4.3. Segmenting Cells in 3D

Shoot apical meristem of A. thaliana, segmented in 3D

Figure 1: Shoot apical meristem of A. thaliana, segmented in 3D

In this section, we are going to see how we can extract the 3D shape of cells in images of the shoot apical meristem of Arabidopsis thaliana, and see how we can use an extra channel with the segmentation. To start, download this dataset, provided by Dr. Agata Burian.

4.3.1. Loading the data

For this tutorial, you can start either by loading the file Arabido_DR5-YFP_pi.tif or Arabido_DR5-YFP_pi_cleaned.tif.

4.3.2. Cleaning the data

If you have loaded Arabido_DR5-YFP_pi.tif, you will see in addition to the shoot apical meristem a few lateral organs, including those partially removed to acquire the image. To extract only what we want to see, we need to clean the image.

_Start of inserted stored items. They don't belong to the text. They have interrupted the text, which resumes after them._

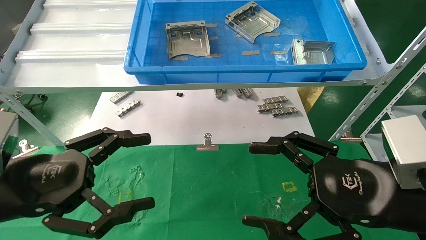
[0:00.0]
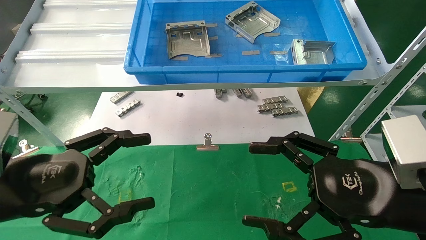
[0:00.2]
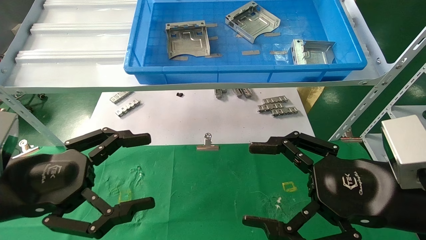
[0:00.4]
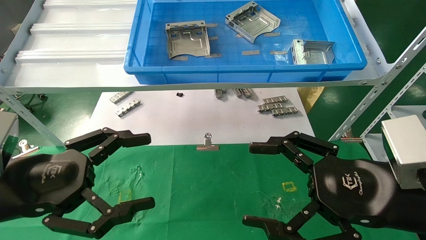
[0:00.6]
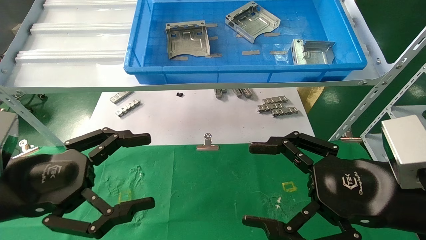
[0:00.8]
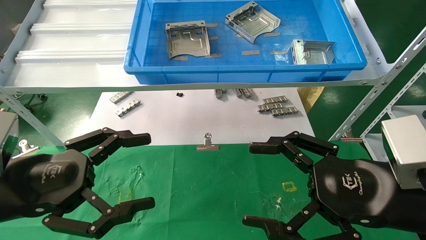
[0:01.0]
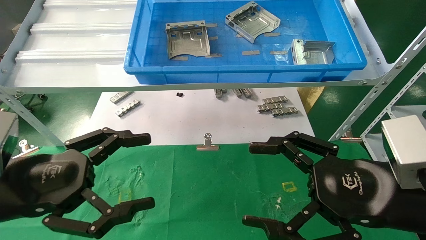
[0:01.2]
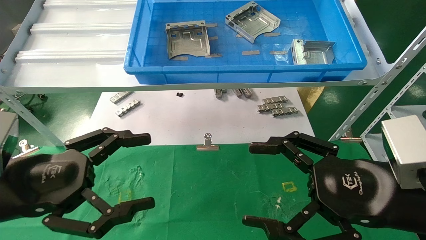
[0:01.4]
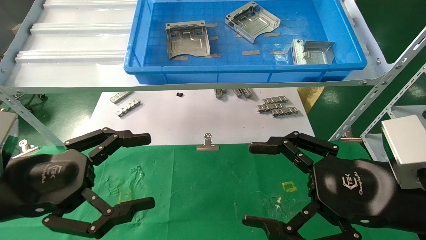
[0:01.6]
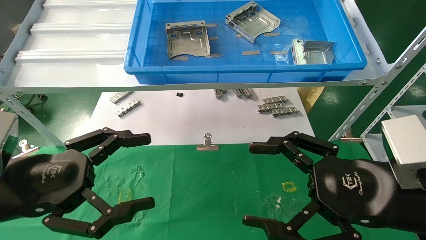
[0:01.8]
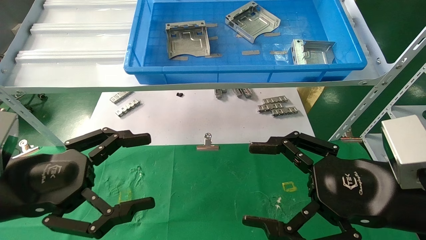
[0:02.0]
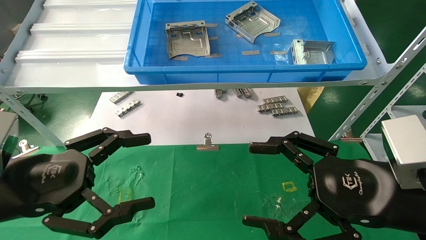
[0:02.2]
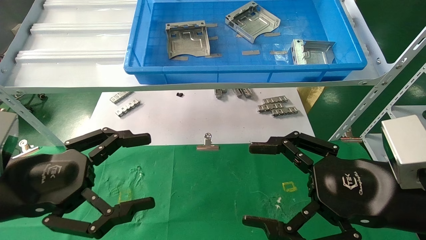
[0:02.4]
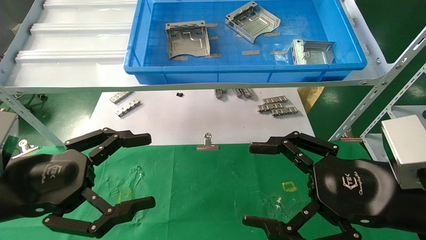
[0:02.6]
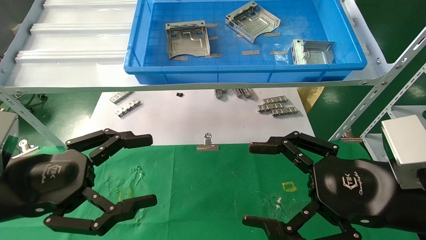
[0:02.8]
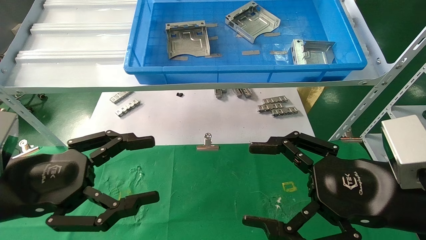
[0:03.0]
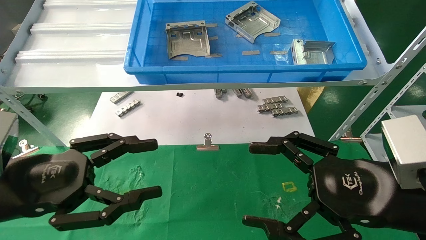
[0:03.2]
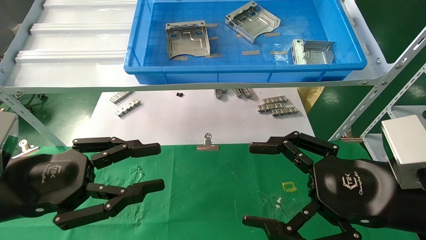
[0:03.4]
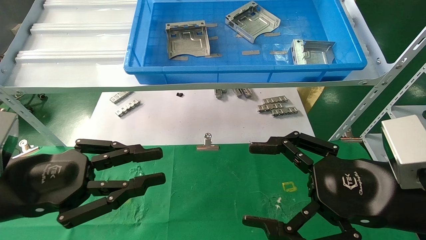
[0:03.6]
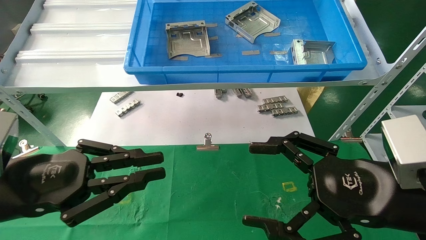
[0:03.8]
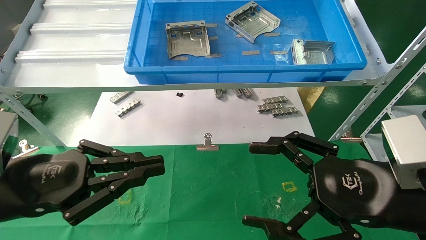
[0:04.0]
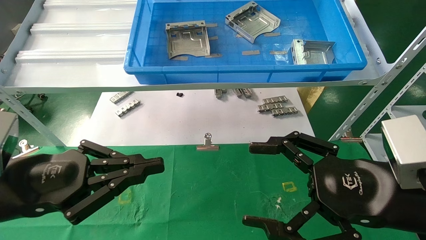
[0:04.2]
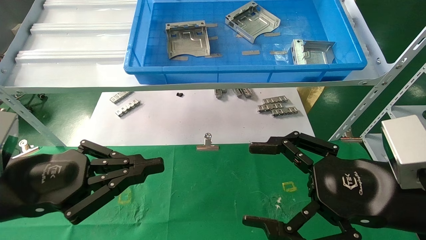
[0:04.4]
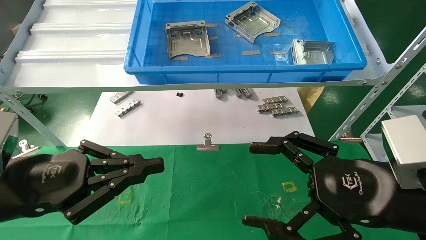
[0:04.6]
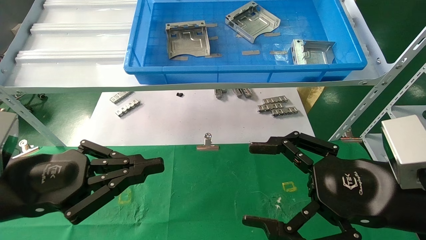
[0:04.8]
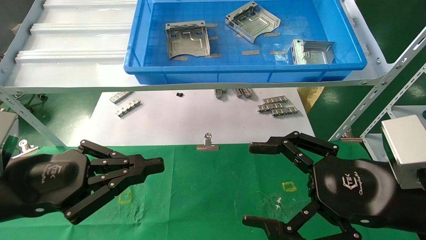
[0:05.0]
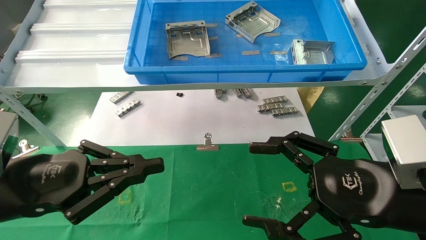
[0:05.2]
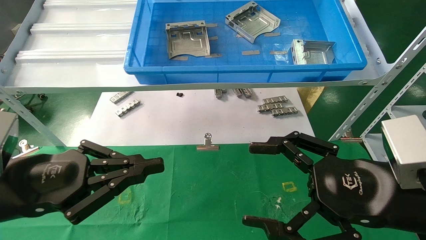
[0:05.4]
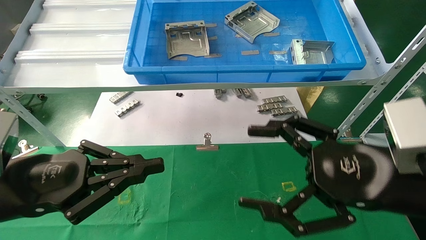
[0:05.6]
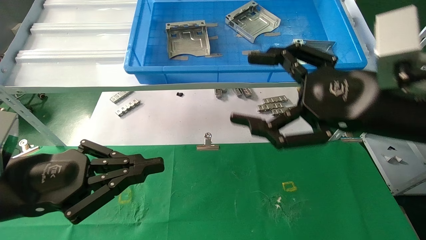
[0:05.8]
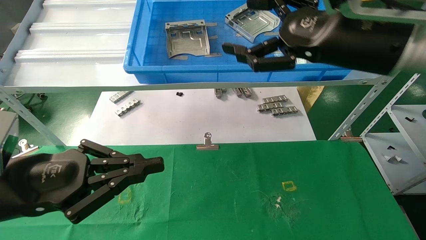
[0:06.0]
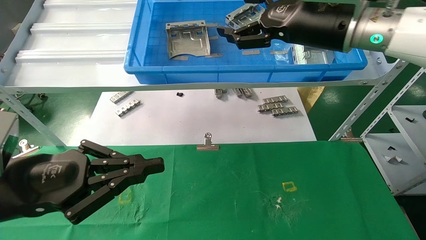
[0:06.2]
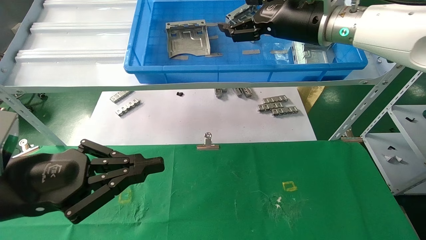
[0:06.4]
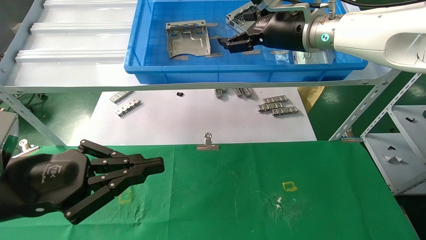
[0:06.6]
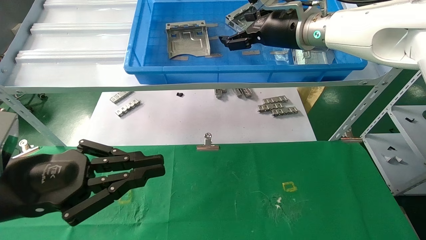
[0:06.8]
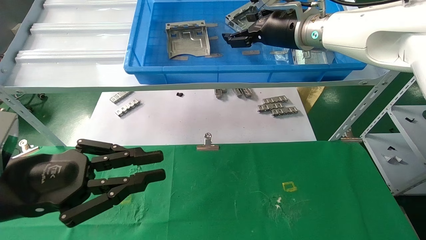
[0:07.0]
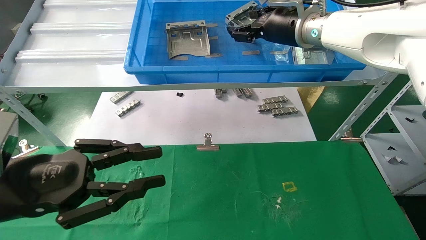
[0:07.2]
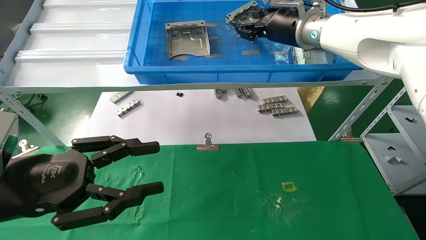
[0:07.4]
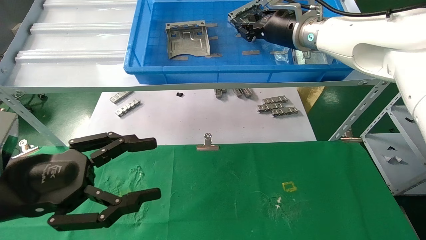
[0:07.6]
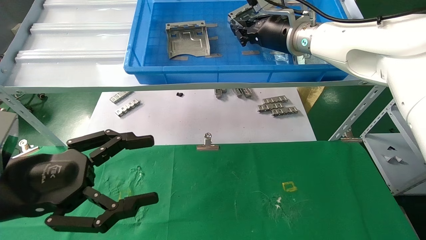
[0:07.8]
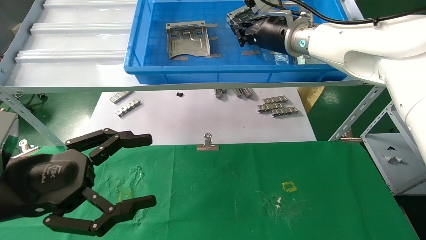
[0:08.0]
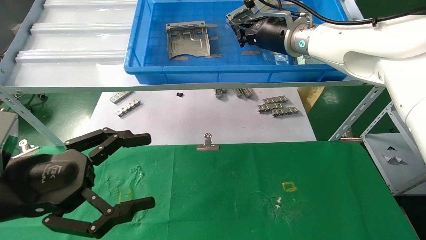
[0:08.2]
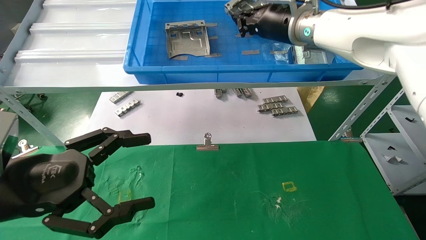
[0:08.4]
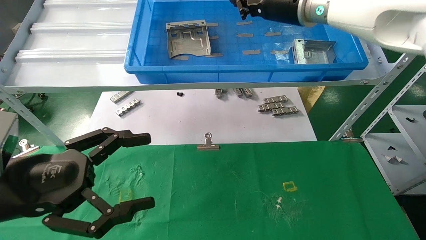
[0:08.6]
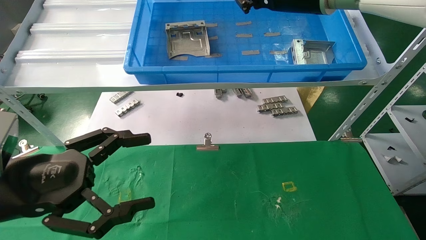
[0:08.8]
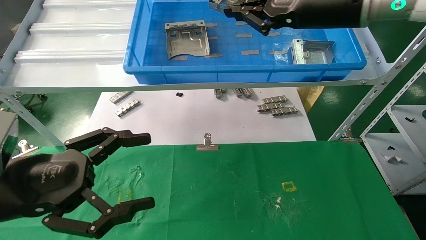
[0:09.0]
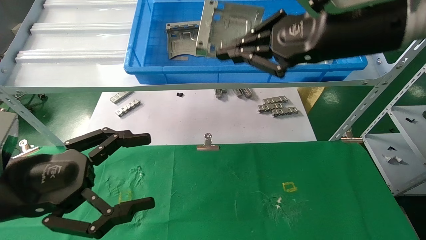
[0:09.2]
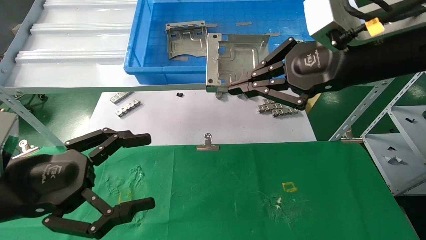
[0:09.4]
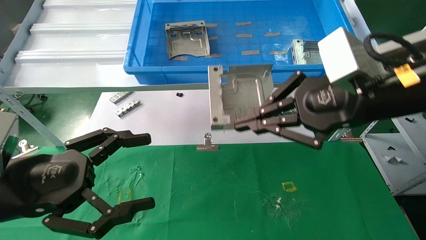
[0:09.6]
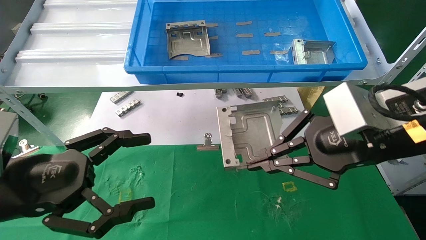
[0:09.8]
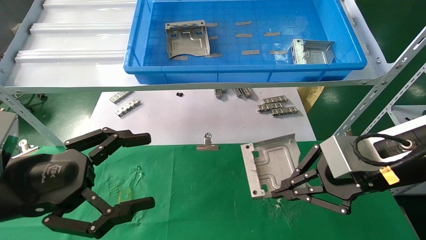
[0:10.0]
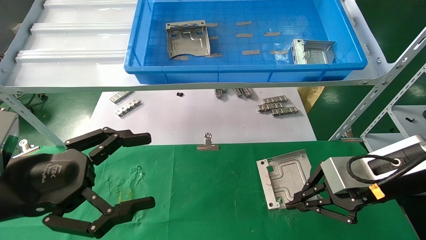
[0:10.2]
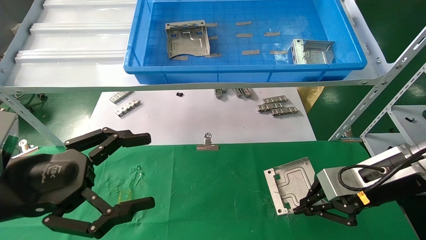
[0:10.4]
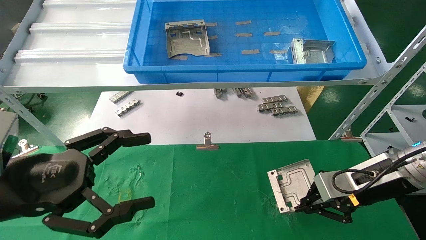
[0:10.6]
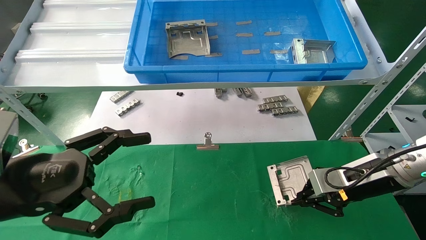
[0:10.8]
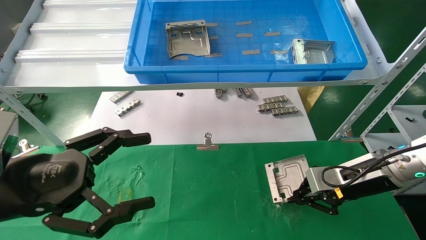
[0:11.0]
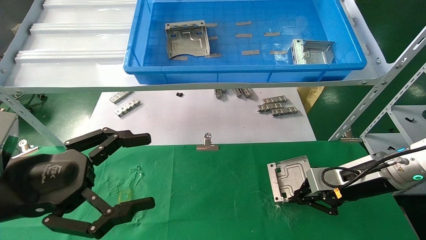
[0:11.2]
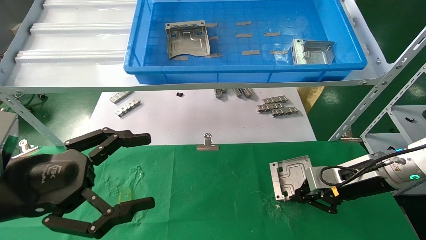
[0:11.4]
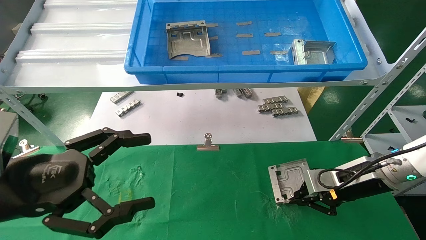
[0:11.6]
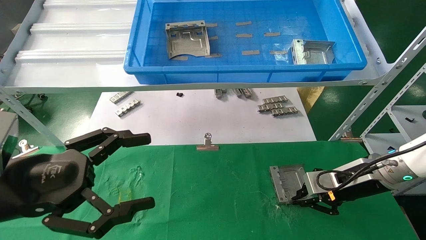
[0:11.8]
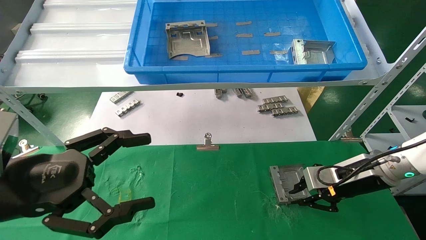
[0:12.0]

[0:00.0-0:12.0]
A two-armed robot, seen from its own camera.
Task of the whole recording: use the mechanical arm to pick up the parts and place them on the table.
Step, 0:03.4 to 0:09.0: Pick up the hard drive bracket from the feeding area.
0:00.0 to 0:03.0: The two grippers keep their place.
0:03.0 to 0:04.4: The left gripper closes its fingers.
0:04.4 to 0:06.0: The right gripper travels upward and forward by some 20 cm.
0:06.0 to 0:07.6: The right gripper heads forward, covering about 15 cm, and closes; the left gripper opens its fingers.
0:07.6 to 0:09.0: The right gripper heads backward, covering some 10 cm, and closes up. The left gripper opens its fingers.
0:09.0 to 0:10.4: The right gripper travels downward and to the right by roughly 25 cm.
0:10.4 to 0:12.0: The right gripper travels forward by about 5 cm.

  1. Copy the stack to the work store. At the same time, we will autoscale the stack’s intensity. This is an important step as it makes to rest of the process much easier.

    Process [Stack]Filters/Autoscale Stack

  2. Select the pixel edit tool. In the View tab make sure Fill checkbox in the Stack Editing area is not checked. Then, pressing the Alt key, you should see a circle above the drawing area. This circle marks the cylinder that will get erased. Click to erase.

  3. When you are happy with your cleaning, save the stack!

Note

If the area to erase is too large, nothing will change until you release the mouse button.

Hint

You can also do the cleaning on the segmented stack. In this case, another useful tool is the fill volume tool. Ensure no label is currently selected by clicking on the current label button. Then click on the labels you want to erase.

4.3.3. 3D Cells Segmentation

  1. Make sure the stack is in the Main store.

  2. Blur the stack

    Process [Stack]Filters/Gaussian Blur Stack
    Parameter Value
    X Sigma (μm) 0.3
    Y Sigma (μm) 0.3
    Z Sigma (μm) 0.3

  3. Optionnally, use the Sieve filter. It can be quite slow, but it really improves the segmentation.

    Process [Stack]Morphology/SieveFilter
    Parameter Value
    Type Median
    Size (μm²/μm³) 4

  4. Segment the stack:

    Process [Stack]ITK/Segmentation/ITK Watershed Auto Seeded
    Parameter Value
    Level 1500

  5. Remove external cells:

    Process [Stack]Segmentation/Erase at Border
    Parameter Value
    Distance (μm) 0
    X Yes
    Y Yes
    Z Yes

  6. Extract the cell shapes:

    Process [Mesh]Creation/Marching Cubes 3D
    Parameter Value
    Cube Size (μm) 1
    Smooth Passes 3

Hint

Use the clipping planes to scan through the volume and make sure the segmentation worked correctly in the depth of the tissue.

4.3.4. 3D Signal Quantification

Signal quantification on 3D mesh

Figure 2: Signal quantification on 3D mesh

  1. Load the YFP channel in the work store of the stack 1. To do that, the simplest is to drag&drop the file onto the work store area.

  2. Launch the Heat map mesh process:

    Process [Mesh]Heat Map/Heat Map

  3. In the dialog box, select the Volume heat map type and the Total signal visualization and make sure Signal average is not ticked.

The result is, per cell, the total amount of signal present in the YFP channel.

Note

This is not sufficient for a proper signal quantification. This is only qualitative. For a proper quantification of the signal you need a reference channel.